Jarvis Schema Registry and Kafka processes are not running because the Zookeeper process is down
search cancel

Jarvis Schema Registry and Kafka processes are not running because the Zookeeper process is down

book

Article ID: 194275

calendar_today

Updated On:

Products

CA App Experience Analytics

Issue/Introduction

The Jarvis Schema Registry and Kafka are not running. Trying to restart them Jarvis using ./startServices -j causes the Jarvis Schema Registry to start but it dies after only a few seconds.
Starting Kafka using ./startServices -k restarts Kafka but also for only a few seconds.

./healthCheck.sh shows that the following processes are X--DOWN--X

Jarvis Schema Registry
Kafka Server

The Zookeeper Server shows --RUNNING-> but has no pid.
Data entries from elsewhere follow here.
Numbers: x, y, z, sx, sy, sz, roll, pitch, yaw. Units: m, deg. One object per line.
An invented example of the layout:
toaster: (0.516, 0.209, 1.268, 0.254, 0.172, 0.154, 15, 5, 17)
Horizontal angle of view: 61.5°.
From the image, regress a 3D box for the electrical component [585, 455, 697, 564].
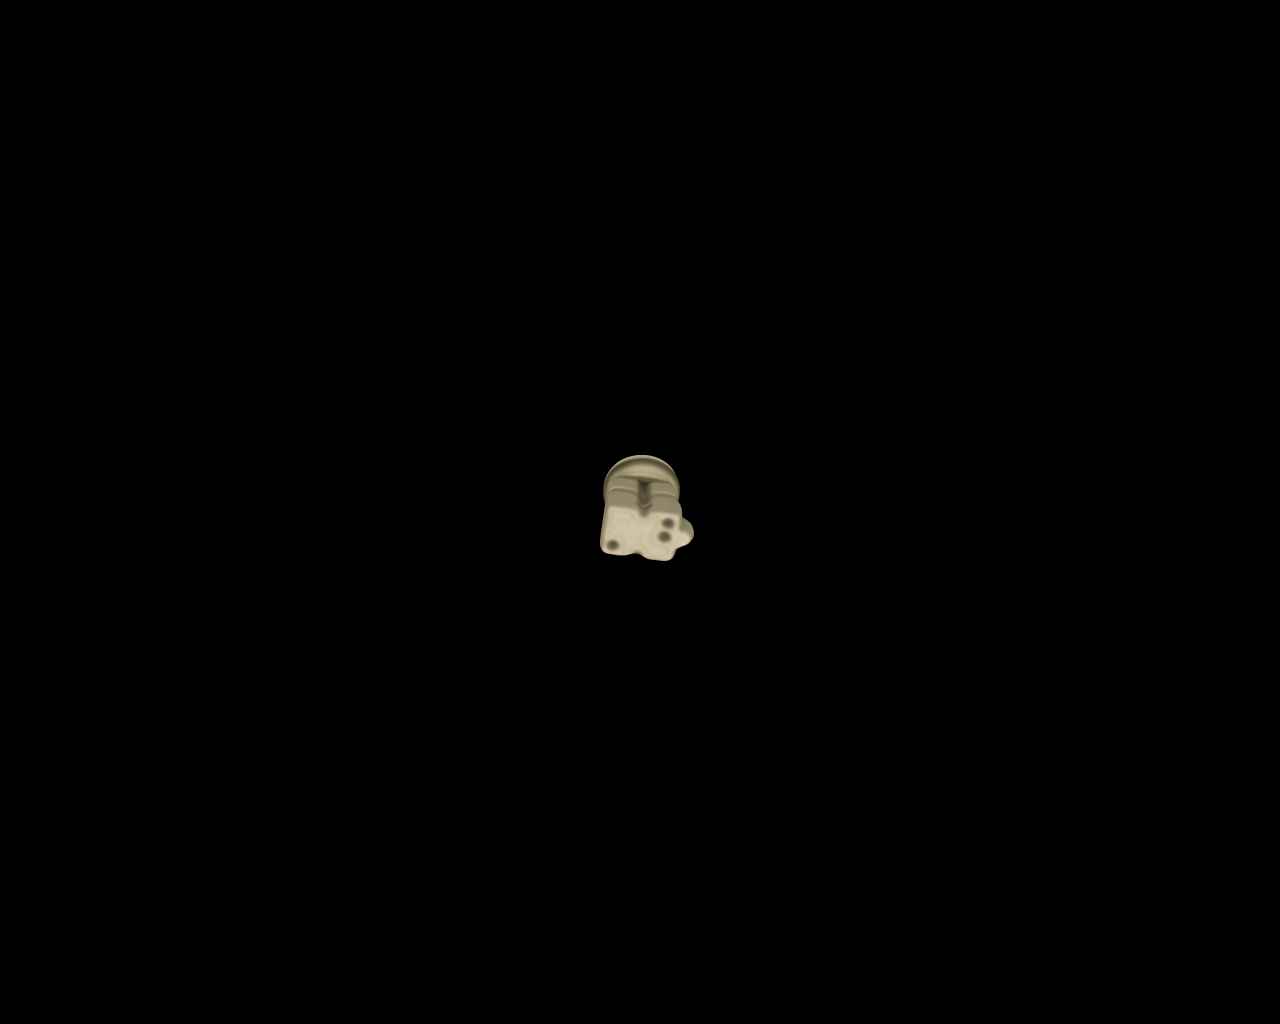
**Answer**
electrical component: (0.001, -0.003, 0.650, 0.066, 0.048, 0.055, 8, 34, -5)

All other processes are running.

The schema-registry.log shows a timeout trying to connect to the zookeeper process:

[2020-06-25 14:30:57,297] ERROR Server died unexpectedly:  (io.confluent.kafka.schemaregistry.rest.SchemaRegistryMain:51)
org.I0Itec.zkclient.exception.ZkTimeoutException: Unable to connect to zookeeper server 'vPIC481S0135:2181' with timeout of 30000 ms

The kafka log shows a similar error:

[2020-06-25 14:30:59,447] FATAL Fatal error during KafkaServerStartable startup. Prepare to shutdown (kafka.server.KafkaServerStartable)
org.I0Itec.zkclient.exception.ZkTimeoutException: Unable to connect to zookeeper server within timeout: 6000

The zookeeper.log shows that the process has failed:

[2020-06-25 14:30:42,530] ERROR Unexpected exception, exiting abnormally (org.apache.zookeeper.server.ZooKeeperServerMain)
java.io.EOFException

Environment

Application Experience Analytics (AXA) 17.3.2

Cause

This is most likely a known Apache ZooKeeper bug:
https://stackoverflow.com/questions/44217654/how-to-recover-zookeeper-from-java-io-eofexception-after-a-server-crash

The root cause of the problem is that a log file from a prior run of ZooKeeper was written with an incomplete header.

Resolution

The workaround is to delete the offending log file:
Check the log.xxx files under the zookeeper data folder, /opt/ca/aoPlatform/jarvis/kafka_2.11-0.10.1.0/kafka_data/zookeeper/version-2, to see if there is any file with a size of 0 bytes. If there is, delete the file and restart the AXA processes.